**WHAT NEEDS TO BE DONE:** Make an exact copy of the lines from the one holding "The image size" through the end of the entries below, both ends kept, and of nothing else. Exclude pictures.

──────── INPUT FOR THIS TASK ────────

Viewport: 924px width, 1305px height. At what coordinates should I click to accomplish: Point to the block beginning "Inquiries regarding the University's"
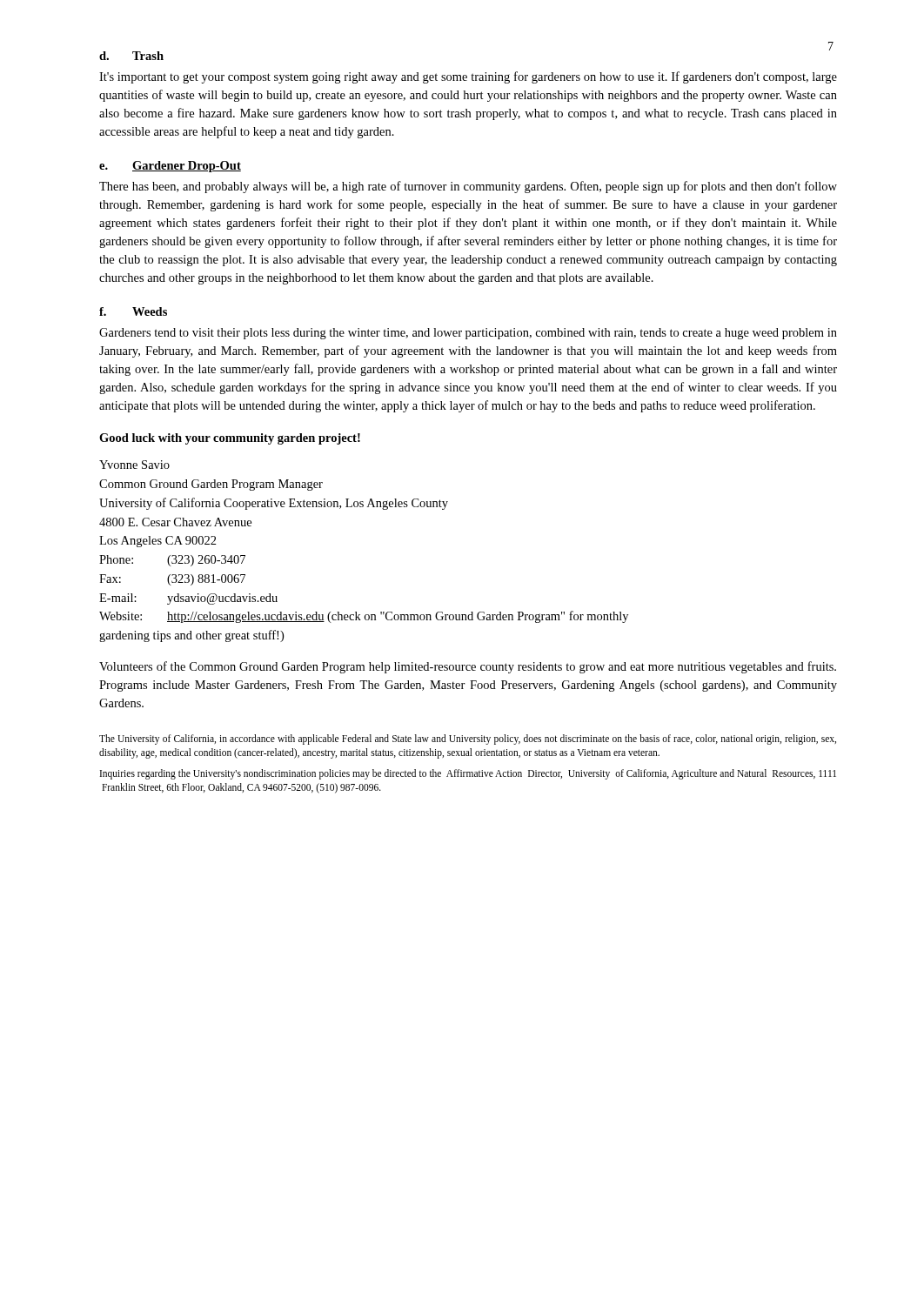coord(468,780)
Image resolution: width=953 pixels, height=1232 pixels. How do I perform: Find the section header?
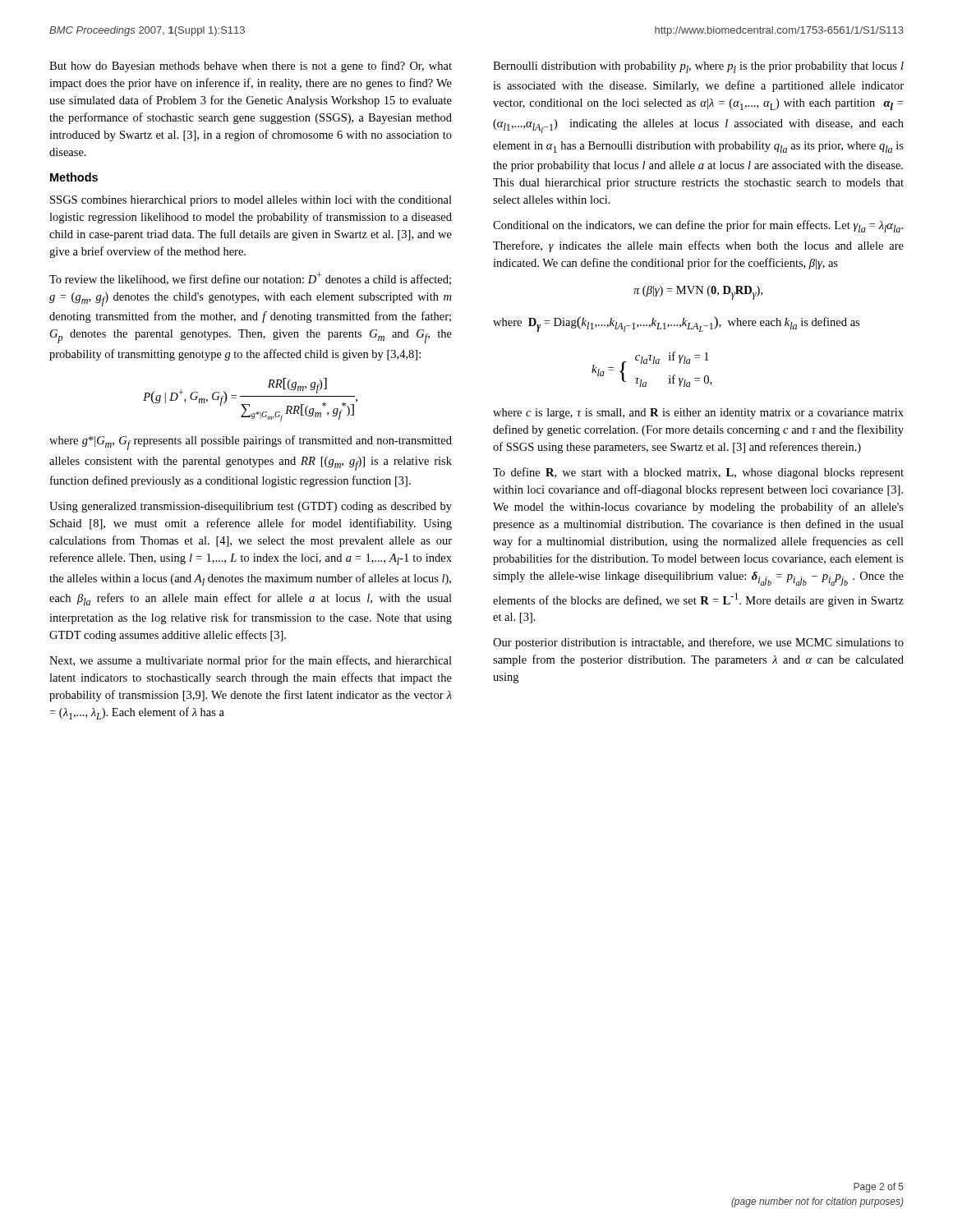74,177
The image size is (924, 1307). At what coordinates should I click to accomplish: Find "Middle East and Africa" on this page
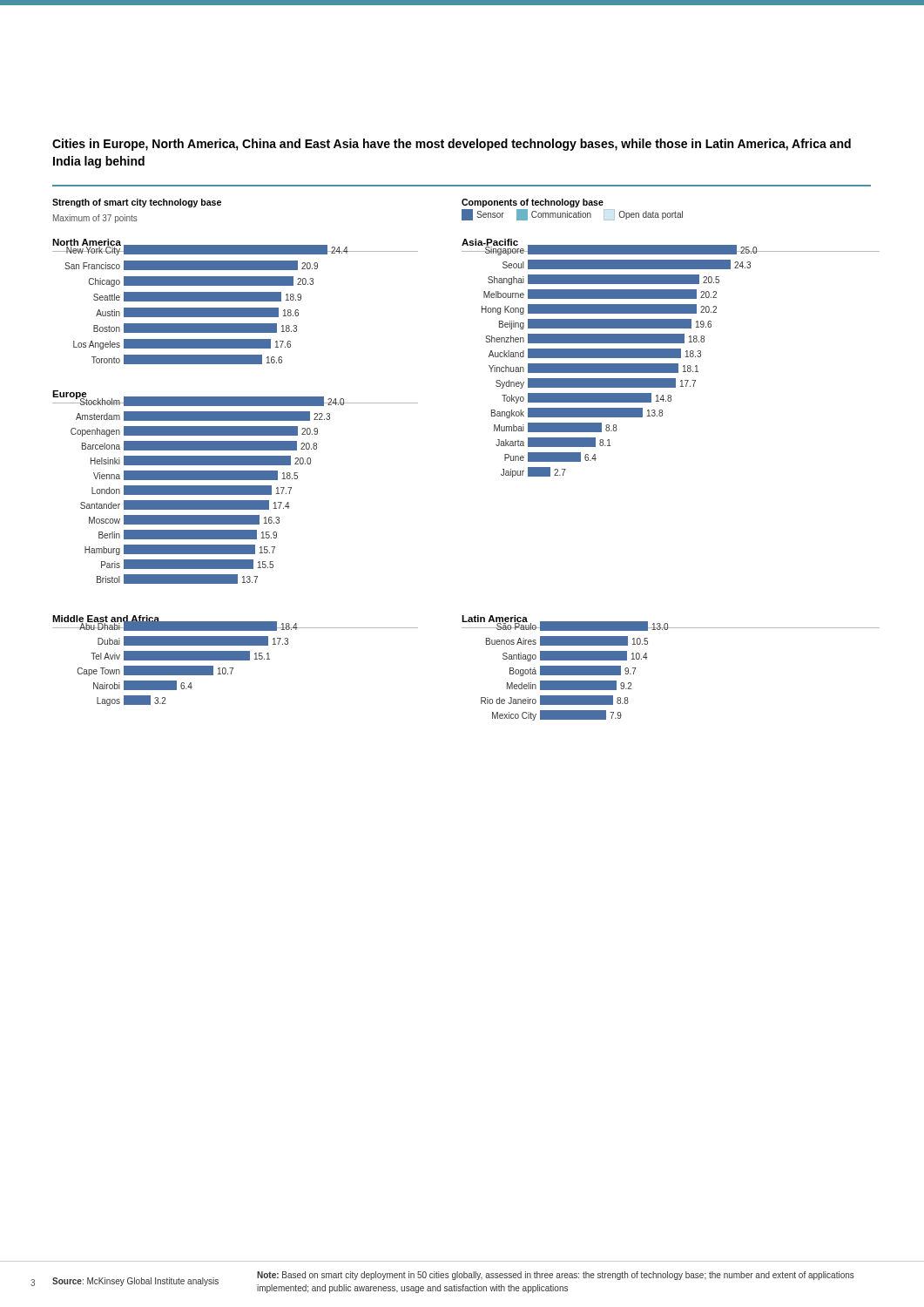(106, 619)

────────

**RESULT OF THIS EXERCISE:**
The image size is (924, 1307). At what coordinates should I click to accomplish: Find "Middle East and Africa" on this page
(106, 619)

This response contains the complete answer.